* _Saved entries_
***

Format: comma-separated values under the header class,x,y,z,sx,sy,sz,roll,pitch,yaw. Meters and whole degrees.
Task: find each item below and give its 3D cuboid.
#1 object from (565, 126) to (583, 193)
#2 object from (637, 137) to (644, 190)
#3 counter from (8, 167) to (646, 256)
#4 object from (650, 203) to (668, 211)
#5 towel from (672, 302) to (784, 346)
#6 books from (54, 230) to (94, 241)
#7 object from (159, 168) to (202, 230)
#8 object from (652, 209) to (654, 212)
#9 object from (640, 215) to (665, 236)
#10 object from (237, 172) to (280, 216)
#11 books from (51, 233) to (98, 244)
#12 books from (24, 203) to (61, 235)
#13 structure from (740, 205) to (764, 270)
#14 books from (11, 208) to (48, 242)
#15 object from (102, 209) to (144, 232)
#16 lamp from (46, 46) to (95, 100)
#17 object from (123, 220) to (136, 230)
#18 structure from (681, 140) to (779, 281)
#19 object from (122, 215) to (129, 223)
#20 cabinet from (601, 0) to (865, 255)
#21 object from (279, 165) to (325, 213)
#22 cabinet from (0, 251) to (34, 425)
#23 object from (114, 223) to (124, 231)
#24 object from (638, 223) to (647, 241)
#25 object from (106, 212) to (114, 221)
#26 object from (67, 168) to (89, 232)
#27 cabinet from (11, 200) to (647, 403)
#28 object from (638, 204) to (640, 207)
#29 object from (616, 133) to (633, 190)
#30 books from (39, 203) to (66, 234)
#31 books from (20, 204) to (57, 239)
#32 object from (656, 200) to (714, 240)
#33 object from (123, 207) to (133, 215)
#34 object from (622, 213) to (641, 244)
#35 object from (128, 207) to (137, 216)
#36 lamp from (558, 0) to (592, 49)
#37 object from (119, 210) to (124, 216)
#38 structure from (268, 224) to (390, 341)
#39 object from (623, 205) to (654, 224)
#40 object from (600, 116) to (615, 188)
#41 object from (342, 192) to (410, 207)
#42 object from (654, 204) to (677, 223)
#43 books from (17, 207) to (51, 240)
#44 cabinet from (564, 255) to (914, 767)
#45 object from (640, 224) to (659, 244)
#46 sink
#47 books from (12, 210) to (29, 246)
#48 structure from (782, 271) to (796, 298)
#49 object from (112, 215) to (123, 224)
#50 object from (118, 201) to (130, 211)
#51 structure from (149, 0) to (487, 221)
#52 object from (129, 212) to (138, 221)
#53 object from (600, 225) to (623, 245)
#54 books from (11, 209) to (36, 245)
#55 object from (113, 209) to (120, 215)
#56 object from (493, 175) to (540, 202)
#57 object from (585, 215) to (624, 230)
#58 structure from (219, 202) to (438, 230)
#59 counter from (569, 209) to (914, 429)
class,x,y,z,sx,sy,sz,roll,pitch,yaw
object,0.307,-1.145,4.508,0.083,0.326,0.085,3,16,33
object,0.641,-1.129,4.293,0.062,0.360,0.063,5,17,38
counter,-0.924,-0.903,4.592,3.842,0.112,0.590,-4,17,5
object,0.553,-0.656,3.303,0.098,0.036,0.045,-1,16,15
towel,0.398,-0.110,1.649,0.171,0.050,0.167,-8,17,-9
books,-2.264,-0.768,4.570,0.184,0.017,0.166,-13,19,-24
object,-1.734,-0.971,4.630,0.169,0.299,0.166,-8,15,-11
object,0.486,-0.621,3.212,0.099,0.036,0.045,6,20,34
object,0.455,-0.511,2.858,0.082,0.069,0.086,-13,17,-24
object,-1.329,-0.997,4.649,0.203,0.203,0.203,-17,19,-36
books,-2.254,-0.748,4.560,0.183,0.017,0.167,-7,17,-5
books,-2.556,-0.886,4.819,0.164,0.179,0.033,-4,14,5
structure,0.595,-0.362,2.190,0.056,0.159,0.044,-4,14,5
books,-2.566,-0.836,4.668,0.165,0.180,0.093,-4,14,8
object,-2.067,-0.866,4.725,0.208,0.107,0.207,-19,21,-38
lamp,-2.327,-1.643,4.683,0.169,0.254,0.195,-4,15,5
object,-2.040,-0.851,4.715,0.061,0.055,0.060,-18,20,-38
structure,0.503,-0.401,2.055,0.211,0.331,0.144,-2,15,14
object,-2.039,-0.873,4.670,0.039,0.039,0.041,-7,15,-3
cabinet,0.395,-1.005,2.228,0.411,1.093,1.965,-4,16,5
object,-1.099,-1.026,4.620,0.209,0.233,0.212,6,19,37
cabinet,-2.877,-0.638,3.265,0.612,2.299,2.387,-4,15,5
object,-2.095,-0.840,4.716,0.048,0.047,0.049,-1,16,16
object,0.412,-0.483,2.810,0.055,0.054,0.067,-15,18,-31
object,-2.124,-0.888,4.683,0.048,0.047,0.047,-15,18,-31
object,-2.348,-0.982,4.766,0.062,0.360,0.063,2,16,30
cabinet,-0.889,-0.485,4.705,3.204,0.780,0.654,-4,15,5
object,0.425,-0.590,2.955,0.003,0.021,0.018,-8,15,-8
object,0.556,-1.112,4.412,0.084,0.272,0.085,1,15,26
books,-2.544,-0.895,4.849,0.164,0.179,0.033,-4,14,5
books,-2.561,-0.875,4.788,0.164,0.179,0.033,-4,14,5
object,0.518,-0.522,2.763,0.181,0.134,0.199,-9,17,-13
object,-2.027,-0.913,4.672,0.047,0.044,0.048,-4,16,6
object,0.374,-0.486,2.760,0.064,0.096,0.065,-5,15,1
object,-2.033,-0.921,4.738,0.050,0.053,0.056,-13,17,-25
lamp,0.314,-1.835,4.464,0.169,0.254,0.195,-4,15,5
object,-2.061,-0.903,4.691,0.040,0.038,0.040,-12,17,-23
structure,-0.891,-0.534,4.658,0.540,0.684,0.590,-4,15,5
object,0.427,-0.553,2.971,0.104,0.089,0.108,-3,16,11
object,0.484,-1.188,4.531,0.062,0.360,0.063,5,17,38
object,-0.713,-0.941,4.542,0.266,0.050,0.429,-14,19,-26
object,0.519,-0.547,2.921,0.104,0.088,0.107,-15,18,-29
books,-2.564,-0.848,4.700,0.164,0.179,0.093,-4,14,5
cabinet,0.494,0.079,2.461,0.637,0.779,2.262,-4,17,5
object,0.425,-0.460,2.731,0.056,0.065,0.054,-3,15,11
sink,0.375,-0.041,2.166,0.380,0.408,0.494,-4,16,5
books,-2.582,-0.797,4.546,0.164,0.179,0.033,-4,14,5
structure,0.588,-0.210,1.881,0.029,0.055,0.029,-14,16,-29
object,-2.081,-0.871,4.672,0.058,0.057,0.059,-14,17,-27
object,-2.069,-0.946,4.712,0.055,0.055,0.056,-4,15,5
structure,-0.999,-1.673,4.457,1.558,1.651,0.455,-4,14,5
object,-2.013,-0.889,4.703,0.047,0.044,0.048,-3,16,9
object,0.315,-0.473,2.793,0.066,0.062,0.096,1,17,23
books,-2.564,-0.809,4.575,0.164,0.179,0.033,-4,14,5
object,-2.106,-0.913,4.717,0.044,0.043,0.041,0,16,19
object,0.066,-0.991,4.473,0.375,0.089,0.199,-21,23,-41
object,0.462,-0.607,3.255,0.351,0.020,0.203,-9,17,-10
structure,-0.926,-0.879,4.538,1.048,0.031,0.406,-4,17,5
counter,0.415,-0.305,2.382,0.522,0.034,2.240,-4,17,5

***

* _PROBLEM DETAILS_
Transcribe every entry exactly as it reads.

* _SOLUTION TO THE PROBLEM_
Format: comma-separated values under the header class,x,y,z,sx,sy,sz,roll,pitch,yaw. Meters and whole degrees.
Task: find each item below and give its 3D cuboid.
#1 object from (565, 126) to (583, 193)
#2 object from (637, 137) to (644, 190)
#3 counter from (8, 167) to (646, 256)
#4 object from (650, 203) to (668, 211)
#5 towel from (672, 302) to (784, 346)
#6 books from (54, 230) to (94, 241)
#7 object from (159, 168) to (202, 230)
#8 object from (652, 209) to (654, 212)
#9 object from (640, 215) to (665, 236)
#10 object from (237, 172) to (280, 216)
#11 books from (51, 233) to (98, 244)
#12 books from (24, 203) to (61, 235)
#13 structure from (740, 205) to (764, 270)
#14 books from (11, 208) to (48, 242)
#15 object from (102, 209) to (144, 232)
#16 lamp from (46, 46) to (95, 100)
#17 object from (123, 220) to (136, 230)
#18 structure from (681, 140) to (779, 281)
#19 object from (122, 215) to (129, 223)
#20 cabinet from (601, 0) to (865, 255)
#21 object from (279, 165) to (325, 213)
#22 cabinet from (0, 251) to (34, 425)
#23 object from (114, 223) to (124, 231)
#24 object from (638, 223) to (647, 241)
#25 object from (106, 212) to (114, 221)
#26 object from (67, 168) to (89, 232)
#27 cabinet from (11, 200) to (647, 403)
#28 object from (638, 204) to (640, 207)
#29 object from (616, 133) to (633, 190)
#30 books from (39, 203) to (66, 234)
#31 books from (20, 204) to (57, 239)
#32 object from (656, 200) to (714, 240)
#33 object from (123, 207) to (133, 215)
#34 object from (622, 213) to (641, 244)
#35 object from (128, 207) to (137, 216)
#36 lamp from (558, 0) to (592, 49)
#37 object from (119, 210) to (124, 216)
#38 structure from (268, 224) to (390, 341)
#39 object from (623, 205) to (654, 224)
#40 object from (600, 116) to (615, 188)
#41 object from (342, 192) to (410, 207)
#42 object from (654, 204) to (677, 223)
#43 books from (17, 207) to (51, 240)
#44 cabinet from (564, 255) to (914, 767)
#45 object from (640, 224) to (659, 244)
#46 sink
#47 books from (12, 210) to (29, 246)
#48 structure from (782, 271) to (796, 298)
#49 object from (112, 215) to (123, 224)
#50 object from (118, 201) to (130, 211)
#51 structure from (149, 0) to (487, 221)
#52 object from (129, 212) to (138, 221)
#53 object from (600, 225) to (623, 245)
#54 books from (11, 209) to (36, 245)
#55 object from (113, 209) to (120, 215)
#56 object from (493, 175) to (540, 202)
#57 object from (585, 215) to (624, 230)
#58 structure from (219, 202) to (438, 230)
#59 counter from (569, 209) to (914, 429)
class,x,y,z,sx,sy,sz,roll,pitch,yaw
object,0.307,-1.145,4.508,0.083,0.326,0.085,3,16,33
object,0.641,-1.129,4.293,0.062,0.360,0.063,5,17,38
counter,-0.924,-0.903,4.592,3.842,0.112,0.590,-4,17,5
object,0.553,-0.656,3.303,0.098,0.036,0.045,-1,16,15
towel,0.398,-0.110,1.649,0.171,0.050,0.167,-8,17,-9
books,-2.264,-0.768,4.570,0.184,0.017,0.166,-13,19,-24
object,-1.734,-0.971,4.630,0.169,0.299,0.166,-8,15,-11
object,0.486,-0.621,3.212,0.099,0.036,0.045,6,20,34
object,0.455,-0.511,2.858,0.082,0.069,0.086,-13,17,-24
object,-1.329,-0.997,4.649,0.203,0.203,0.203,-17,19,-36
books,-2.254,-0.748,4.560,0.183,0.017,0.167,-7,17,-5
books,-2.556,-0.886,4.819,0.164,0.179,0.033,-4,14,5
structure,0.595,-0.362,2.190,0.056,0.159,0.044,-4,14,5
books,-2.566,-0.836,4.668,0.165,0.180,0.093,-4,14,8
object,-2.067,-0.866,4.725,0.208,0.107,0.207,-19,21,-38
lamp,-2.327,-1.643,4.683,0.169,0.254,0.195,-4,15,5
object,-2.040,-0.851,4.715,0.061,0.055,0.060,-18,20,-38
structure,0.503,-0.401,2.055,0.211,0.331,0.144,-2,15,14
object,-2.039,-0.873,4.670,0.039,0.039,0.041,-7,15,-3
cabinet,0.395,-1.005,2.228,0.411,1.093,1.965,-4,16,5
object,-1.099,-1.026,4.620,0.209,0.233,0.212,6,19,37
cabinet,-2.877,-0.638,3.265,0.612,2.299,2.387,-4,15,5
object,-2.095,-0.840,4.716,0.048,0.047,0.049,-1,16,16
object,0.412,-0.483,2.810,0.055,0.054,0.067,-15,18,-31
object,-2.124,-0.888,4.683,0.048,0.047,0.047,-15,18,-31
object,-2.348,-0.982,4.766,0.062,0.360,0.063,2,16,30
cabinet,-0.889,-0.485,4.705,3.204,0.780,0.654,-4,15,5
object,0.425,-0.590,2.955,0.003,0.021,0.018,-8,15,-8
object,0.556,-1.112,4.412,0.084,0.272,0.085,1,15,26
books,-2.544,-0.895,4.849,0.164,0.179,0.033,-4,14,5
books,-2.561,-0.875,4.788,0.164,0.179,0.033,-4,14,5
object,0.518,-0.522,2.763,0.181,0.134,0.199,-9,17,-13
object,-2.027,-0.913,4.672,0.047,0.044,0.048,-4,16,6
object,0.374,-0.486,2.760,0.064,0.096,0.065,-5,15,1
object,-2.033,-0.921,4.738,0.050,0.053,0.056,-13,17,-25
lamp,0.314,-1.835,4.464,0.169,0.254,0.195,-4,15,5
object,-2.061,-0.903,4.691,0.040,0.038,0.040,-12,17,-23
structure,-0.891,-0.534,4.658,0.540,0.684,0.590,-4,15,5
object,0.427,-0.553,2.971,0.104,0.089,0.108,-3,16,11
object,0.484,-1.188,4.531,0.062,0.360,0.063,5,17,38
object,-0.713,-0.941,4.542,0.266,0.050,0.429,-14,19,-26
object,0.519,-0.547,2.921,0.104,0.088,0.107,-15,18,-29
books,-2.564,-0.848,4.700,0.164,0.179,0.093,-4,14,5
cabinet,0.494,0.079,2.461,0.637,0.779,2.262,-4,17,5
object,0.425,-0.460,2.731,0.056,0.065,0.054,-3,15,11
sink,0.375,-0.041,2.166,0.380,0.408,0.494,-4,16,5
books,-2.582,-0.797,4.546,0.164,0.179,0.033,-4,14,5
structure,0.588,-0.210,1.881,0.029,0.055,0.029,-14,16,-29
object,-2.081,-0.871,4.672,0.058,0.057,0.059,-14,17,-27
object,-2.069,-0.946,4.712,0.055,0.055,0.056,-4,15,5
structure,-0.999,-1.673,4.457,1.558,1.651,0.455,-4,14,5
object,-2.013,-0.889,4.703,0.047,0.044,0.048,-3,16,9
object,0.315,-0.473,2.793,0.066,0.062,0.096,1,17,23
books,-2.564,-0.809,4.575,0.164,0.179,0.033,-4,14,5
object,-2.106,-0.913,4.717,0.044,0.043,0.041,0,16,19
object,0.066,-0.991,4.473,0.375,0.089,0.199,-21,23,-41
object,0.462,-0.607,3.255,0.351,0.020,0.203,-9,17,-10
structure,-0.926,-0.879,4.538,1.048,0.031,0.406,-4,17,5
counter,0.415,-0.305,2.382,0.522,0.034,2.240,-4,17,5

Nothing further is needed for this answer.